論文 参考訳(メタデータ) (2025-01-15T12:53:49Z) - Rocks Coding, Not Development--A Human-Centric, Experimental Evaluation
of LLM-Supported SE Tasks [9.455579863269714]
コーディングタスクやソフトウェア開発の典型的なタスクにおいて,ChatGPTがどの程度役に立つかを検討した。
単純なコーディング問題ではChatGPTはうまく機能していましたが、典型的なソフトウェア開発タスクをサポートするパフォーマンスはそれほど良くありませんでした。
そこで本研究では,ChatGPTを用いたソフトウェアエンジニアリングタスクを現実の開発者に提供する。
論文 参考訳(メタデータ) (2024-02-08T13:07:31Z) - In-IDE Human-AI Experience in the Era of Large Language Models; A
Literature Review [2.6703221234079946]
IDEにおけるヒューマンAIエクスペリエンスの研究は、これらのAIツールがソフトウェア開発プロセスをどのように変化させているかを理解する上で非常に重要である。
我々は,IDE内人間-AI体験研究の現状を研究するために文献レビューを行った。
論文 参考訳(メタデータ) (2024-01-19T14:55:51Z) - ChatDev: Communicative Agents for Software Development [84.90400377131962]
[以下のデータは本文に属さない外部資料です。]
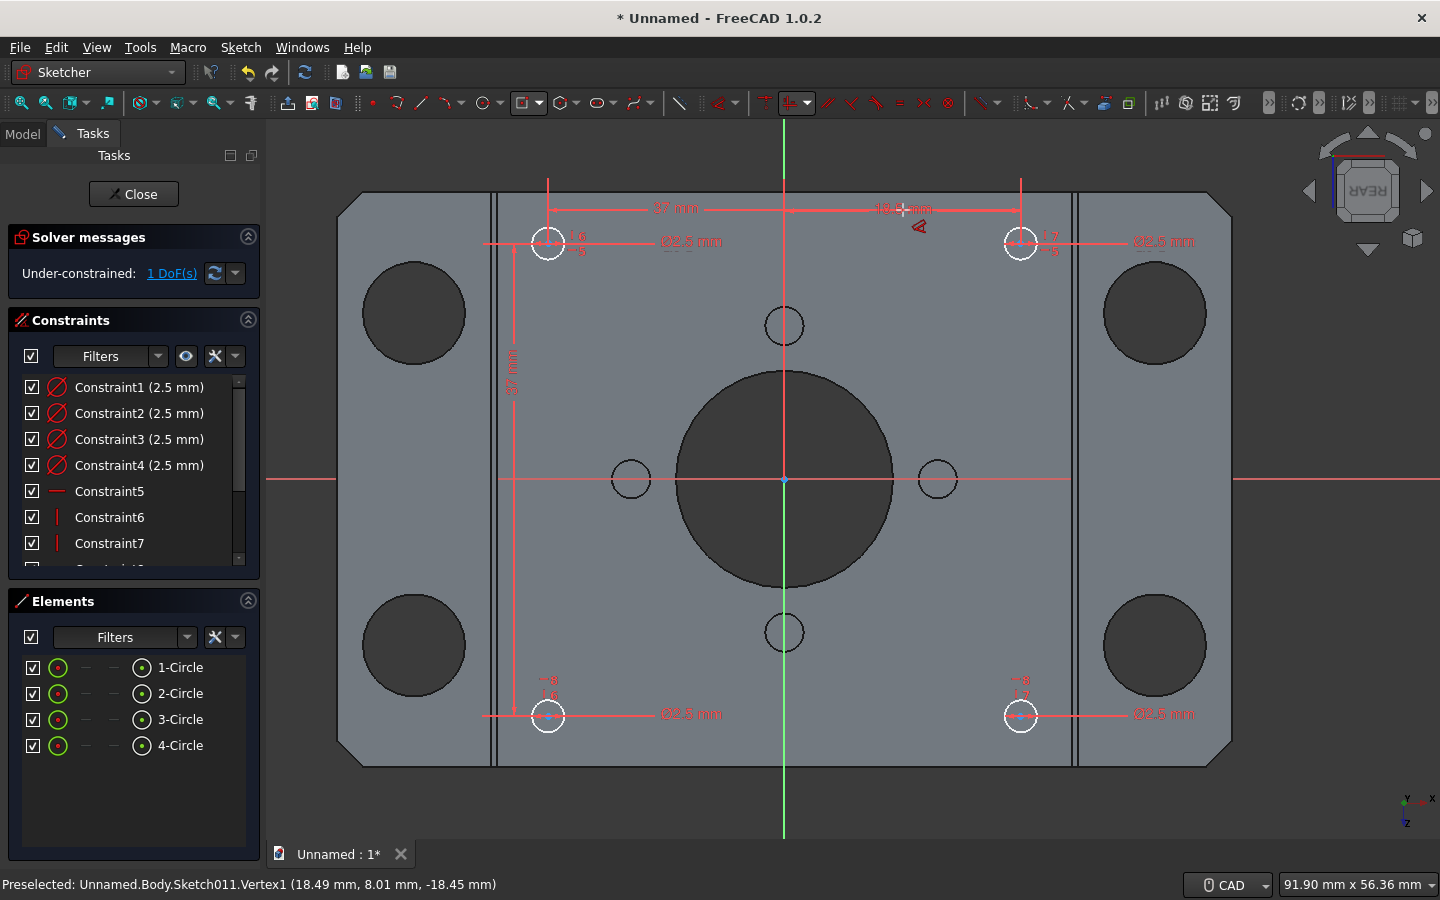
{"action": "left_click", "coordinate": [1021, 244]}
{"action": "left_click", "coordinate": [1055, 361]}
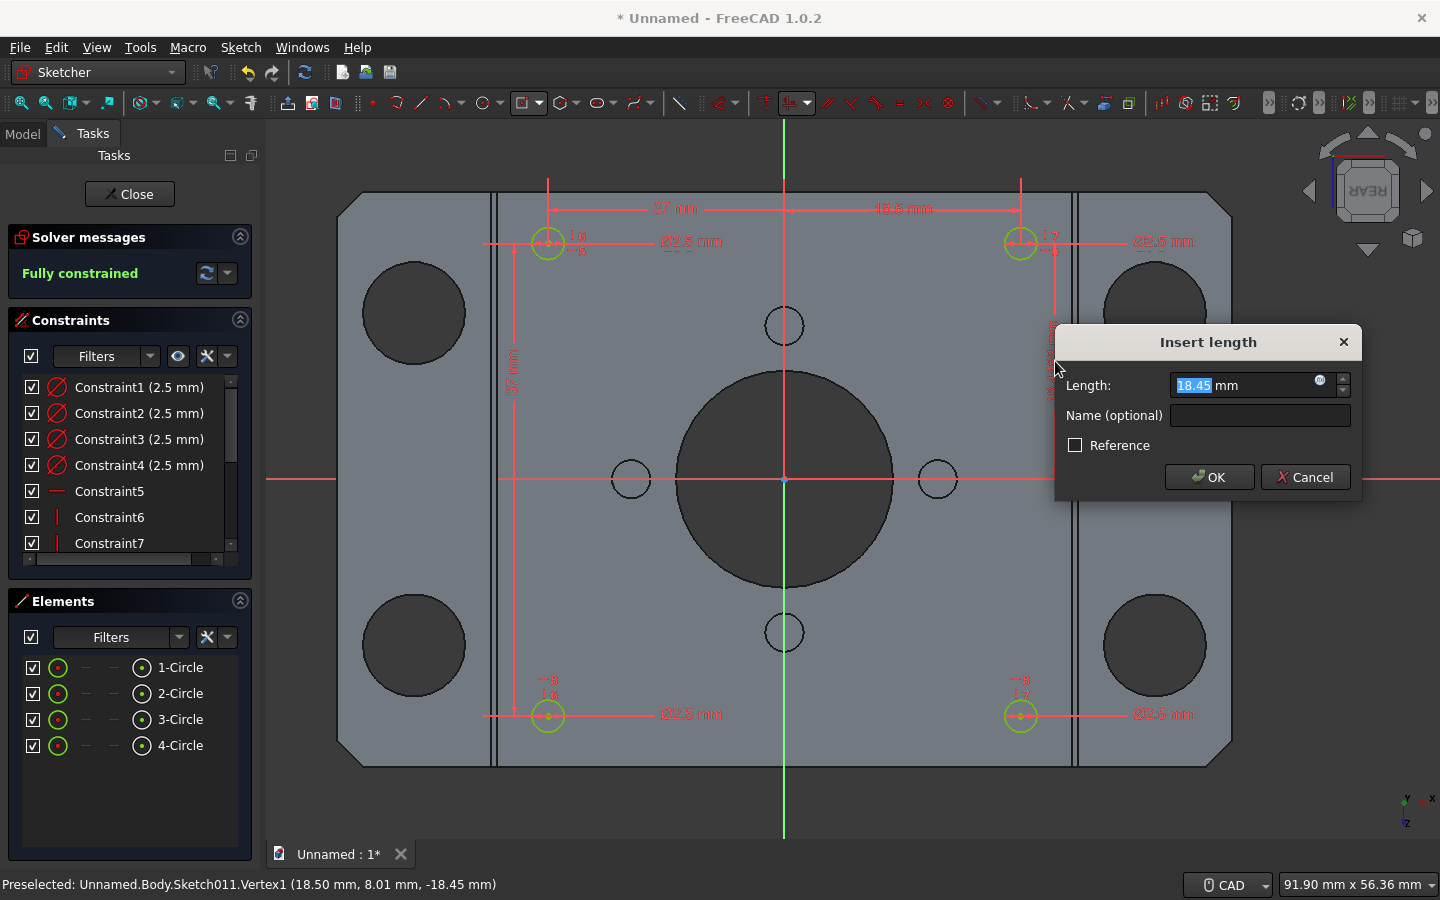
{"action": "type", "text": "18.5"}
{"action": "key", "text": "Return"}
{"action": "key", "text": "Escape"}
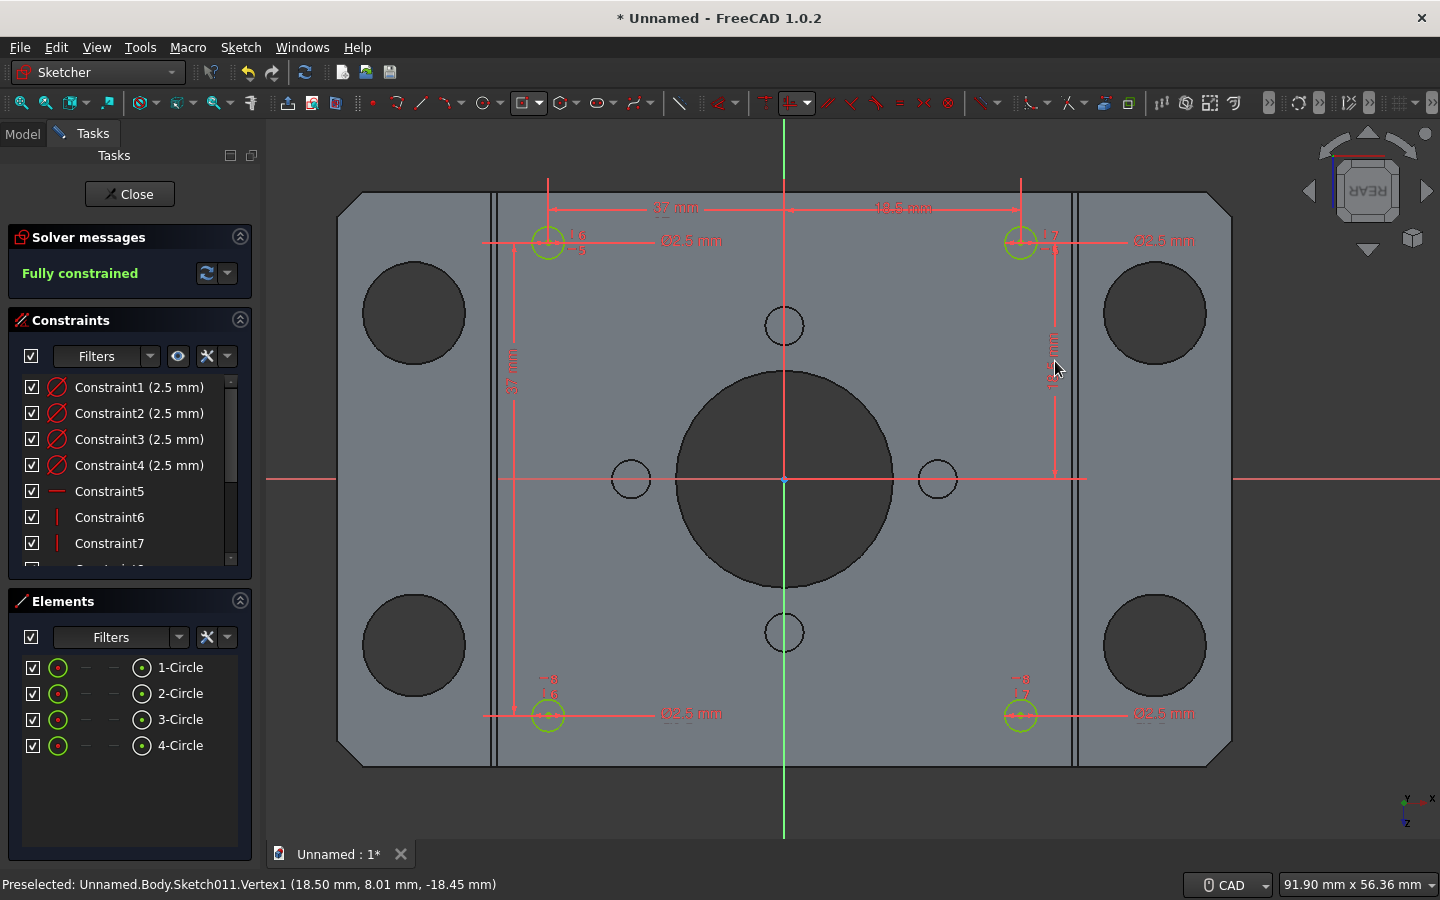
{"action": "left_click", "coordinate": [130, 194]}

ChatDevはチャットを利用したソフトウェア開発フレームワークで、特別なエージェントがコミュニケーション方法についてガイドされる。
これらのエージェントは、統一された言語ベースのコミュニケーションを通じて、設計、コーディング、テストフェーズに積極的に貢献する。
論文 参考訳(メタデータ) (2023-07-16T02:11:34Z) - CAMEL: Communicative Agents for "Mind" Exploration of Large Language
Model Society [58.04479313658851]
本稿では,コミュニケーションエージェント間の自律的協調を支援するスケーラブルな手法の構築の可能性について検討する。
本稿では,ロールプレイングという新しいコミュニケーションエージェントフレームワークを提案する。
コントリビューションには、新しいコミュニケーティブエージェントフレームワークの導入、マルチエージェントシステムの協調行動や能力を研究するためのスケーラブルなアプローチの提供などが含まれます。
論文 参考訳(メタデータ) (2023-03-31T01:09:00Z)
関連論文リストは本サイト内にある論文のタイトル・アブストラクトから自動的に作成しています。
指定された論文の情報です。
本サイトの運営者は本サイト(すべての情報・翻訳含む)の品質を保証せず、本サイト(すべての情報・翻訳含む)を使用して発生したあらゆる結果について一切の責任を負いません。